■ **What is needed**: Locate the line that contains "39. advertising banners" in the entries below, then repeat it and every following line through the line that contains "47. person at [1101, 489, 1110, 517]", exactly, and no others.

**** Data supplied ****

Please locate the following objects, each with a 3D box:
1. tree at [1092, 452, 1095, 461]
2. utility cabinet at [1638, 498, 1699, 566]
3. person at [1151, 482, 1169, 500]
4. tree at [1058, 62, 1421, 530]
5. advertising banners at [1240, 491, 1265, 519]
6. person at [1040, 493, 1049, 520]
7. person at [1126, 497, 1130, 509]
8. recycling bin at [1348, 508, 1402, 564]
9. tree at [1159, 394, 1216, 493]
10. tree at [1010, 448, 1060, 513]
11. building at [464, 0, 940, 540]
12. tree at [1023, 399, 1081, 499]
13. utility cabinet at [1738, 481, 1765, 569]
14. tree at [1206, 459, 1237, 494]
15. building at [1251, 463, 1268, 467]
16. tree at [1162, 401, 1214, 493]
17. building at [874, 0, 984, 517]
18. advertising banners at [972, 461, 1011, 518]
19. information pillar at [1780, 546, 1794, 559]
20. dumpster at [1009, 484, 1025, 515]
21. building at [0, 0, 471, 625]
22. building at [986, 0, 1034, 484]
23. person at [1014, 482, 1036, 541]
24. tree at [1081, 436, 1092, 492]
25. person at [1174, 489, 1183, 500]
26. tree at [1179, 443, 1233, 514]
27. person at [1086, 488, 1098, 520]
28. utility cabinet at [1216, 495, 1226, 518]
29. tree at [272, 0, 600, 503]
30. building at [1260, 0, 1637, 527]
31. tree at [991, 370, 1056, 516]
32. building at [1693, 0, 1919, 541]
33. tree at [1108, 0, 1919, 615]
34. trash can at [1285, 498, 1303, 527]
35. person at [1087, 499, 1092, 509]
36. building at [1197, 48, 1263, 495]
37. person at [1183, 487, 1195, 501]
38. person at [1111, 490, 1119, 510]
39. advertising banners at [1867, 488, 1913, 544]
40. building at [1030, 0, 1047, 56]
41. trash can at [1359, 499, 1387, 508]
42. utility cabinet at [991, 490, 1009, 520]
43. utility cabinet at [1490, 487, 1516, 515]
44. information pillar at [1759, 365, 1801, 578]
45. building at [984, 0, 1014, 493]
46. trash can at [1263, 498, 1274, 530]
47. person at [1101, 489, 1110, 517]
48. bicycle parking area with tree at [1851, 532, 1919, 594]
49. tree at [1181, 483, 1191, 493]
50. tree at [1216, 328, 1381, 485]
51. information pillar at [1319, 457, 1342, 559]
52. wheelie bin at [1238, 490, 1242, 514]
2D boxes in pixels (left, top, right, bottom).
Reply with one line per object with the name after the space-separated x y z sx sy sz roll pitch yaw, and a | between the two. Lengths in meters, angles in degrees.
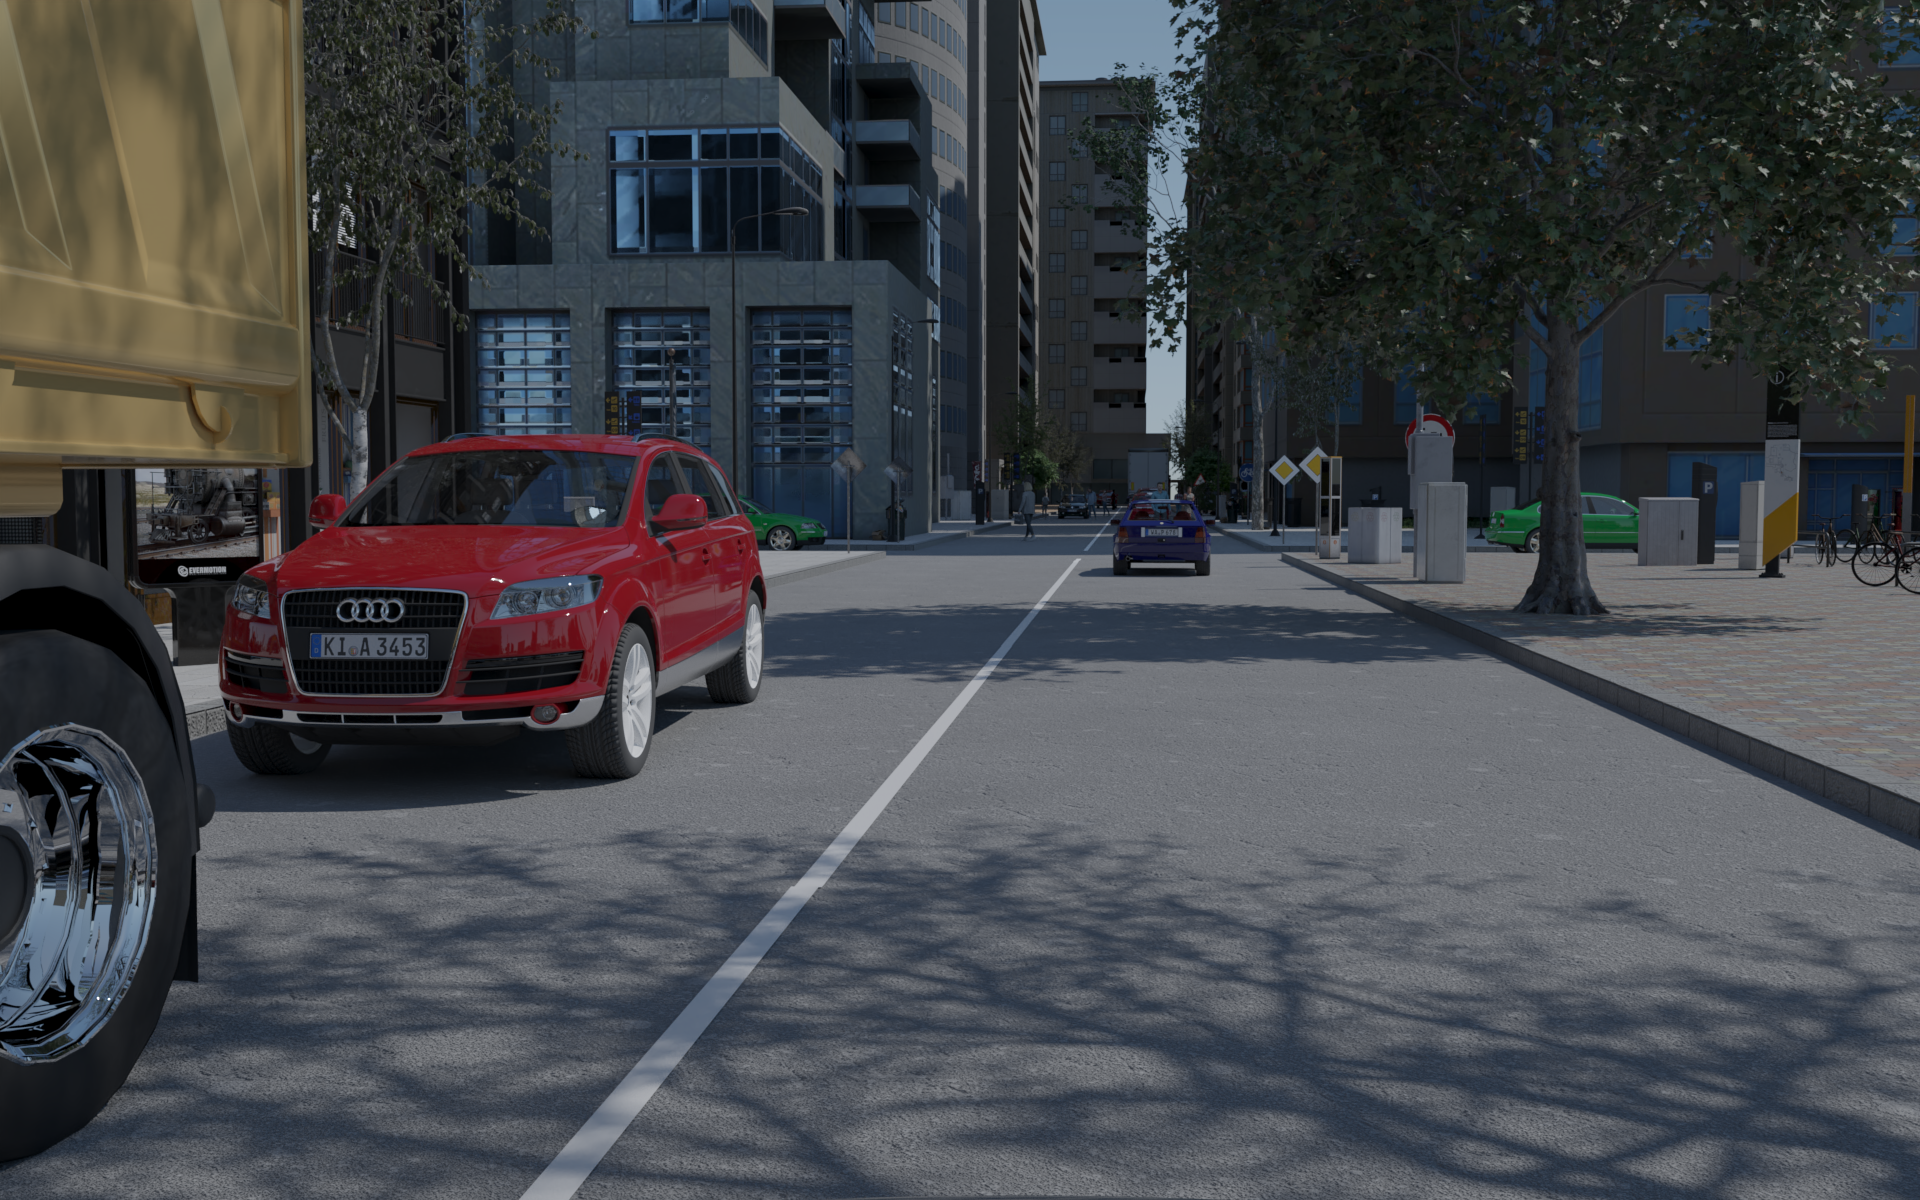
12.773 -14.905 194.065 4.360 8.622 3.978 0 3 0 | tree
12.688 -1.215 31.023 1.020 1.237 0.306 -1 4 -12 | utility cabinet
6.457 -2.894 55.840 0.660 1.820 0.620 -1 4 -14 | person
9.607 -12.468 59.747 12.611 20.169 13.585 0 3 0 | tree
15.103 -5.573 87.302 2.074 3.025 0.090 2 4 31 | advertising banners
4.742 -5.269 97.243 0.523 1.515 0.503 2 4 29 | person
16.042 -9.331 164.301 0.697 1.427 0.421 -3 5 -41 | person
7.678 -1.193 32.060 0.722 1.027 0.722 -3 4 -37 | recycling bin
17.119 -10.825 127.344 4.360 8.622 3.978 0 3 0 | tree
4.868 -8.340 120.078 4.285 4.588 4.351 0 3 0 | tree
-11.559 -45.828 61.957 22.319 86.520 31.000 0 4 6 | building
6.654 -11.115 132.098 4.360 8.622 3.978 0 3 0 | tree
13.624 -1.274 29.503 0.318 1.500 1.173 3 5 43 | utility cabinet
14.530 -6.128 94.791 1.663 3.219 1.824 0 3 0 | tree
29.916 -29.485 101.693 23.786 49.044 30.456 0 4 6 | building
17.793 -11.236 134.069 4.737 8.622 4.395 0 3 0 | tree
-10.225 -34.153 100.400 21.231 58.520 28.212 0 4 6 | building
1.638 -5.802 91.055 2.074 3.025 0.090 0 4 -4 | advertising banners
16.378 -1.827 34.360 0.304 2.012 0.304 3 4 37 | information pillar
3.398 -5.720 99.282 1.264 1.857 1.865 0 4 6 | dumpster
-13.783 -11.430 16.564 12.332 23.373 15.834 0 4 6 | building
-4.806 -32.312 152.004 21.300 48.544 21.600 0 4 6 | building
2.025 -2.685 52.577 0.709 1.800 0.728 -3 5 -41 | person
10.199 -13.410 169.615 4.360 8.622 3.978 0 3 0 | tree
13.246 -5.849 104.969 0.563 1.720 0.643 1 4 16 | person
15.787 -7.760 110.594 4.285 4.588 4.351 0 3 0 | tree
7.281 -5.309 95.569 0.793 1.790 0.793 -1 4 -19 | person
13.793 -4.914 91.505 0.306 1.237 1.020 1 4 23 | utility cabinet
-5.419 -3.994 15.658 4.360 8.622 3.978 0 3 0 | tree
20.233 -25.825 72.346 14.600 45.320 14.200 0 4 6 | building
3.730 -9.358 103.368 4.737 8.622 4.395 0 3 0 | tree
25.874 -24.616 52.582 14.200 45.320 14.600 0 4 6 | building
6.413 -6.207 18.488 9.611 12.733 9.660 0 3 0 | tree
12.848 -3.369 66.742 0.748 1.137 0.748 0 3 0 | trash can
8.876 -6.743 119.313 0.480 1.755 0.524 -2 4 -28 | person
35.712 -33.964 179.006 21.300 48.544 21.600 0 4 6 | building
10.925 -4.548 83.221 0.716 1.782 0.532 -1 4 -10 | person
13.841 -8.996 155.545 0.705 1.831 1.348 -2 4 -25 | person
24.118 -2.946 44.363 0.090 3.025 2.074 -3 5 -41 | advertising banners
-5.504 -36.129 179.939 27.495 52.752 28.713 0 4 6 | building
11.205 -2.164 47.036 0.748 1.137 0.748 0 3 0 | trash can
1.922 -4.724 85.908 0.318 1.500 1.173 -3 4 -38 | utility cabinet
16.590 -2.706 52.923 0.318 1.500 1.173 0 4 -5 | utility cabinet
12.535 -2.146 26.437 0.504 3.616 0.183 3 5 40 | information pillar
-6.379 -42.327 130.299 20.563 71.187 20.611 0 4 6 | building
10.925 -3.101 62.348 0.748 1.137 0.748 0 3 0 | trash can
9.239 -6.156 109.743 0.643 1.750 0.593 0 4 2 | person
15.740 -2.020 20.027 9.016 4.147 8.231 1 4 20 | bicycle parking area with tree
20.739 -9.790 154.663 1.663 3.219 1.824 0 3 0 | tree
10.007 -5.935 47.397 4.360 8.622 3.978 0 3 0 | tree
7.300 -1.814 34.144 0.304 2.012 0.304 -2 4 -33 | information pillar
16.875 -5.986 105.771 0.980 1.594 0.693 -3 5 -43 | wheelie bin

****

■ **Solution to this task**:
39. advertising banners at [1867, 488, 1913, 544]
40. building at [1030, 0, 1047, 56]
41. trash can at [1359, 499, 1387, 508]
42. utility cabinet at [991, 490, 1009, 520]
43. utility cabinet at [1490, 487, 1516, 515]
44. information pillar at [1759, 365, 1801, 578]
45. building at [984, 0, 1014, 493]
46. trash can at [1263, 498, 1274, 530]
47. person at [1101, 489, 1110, 517]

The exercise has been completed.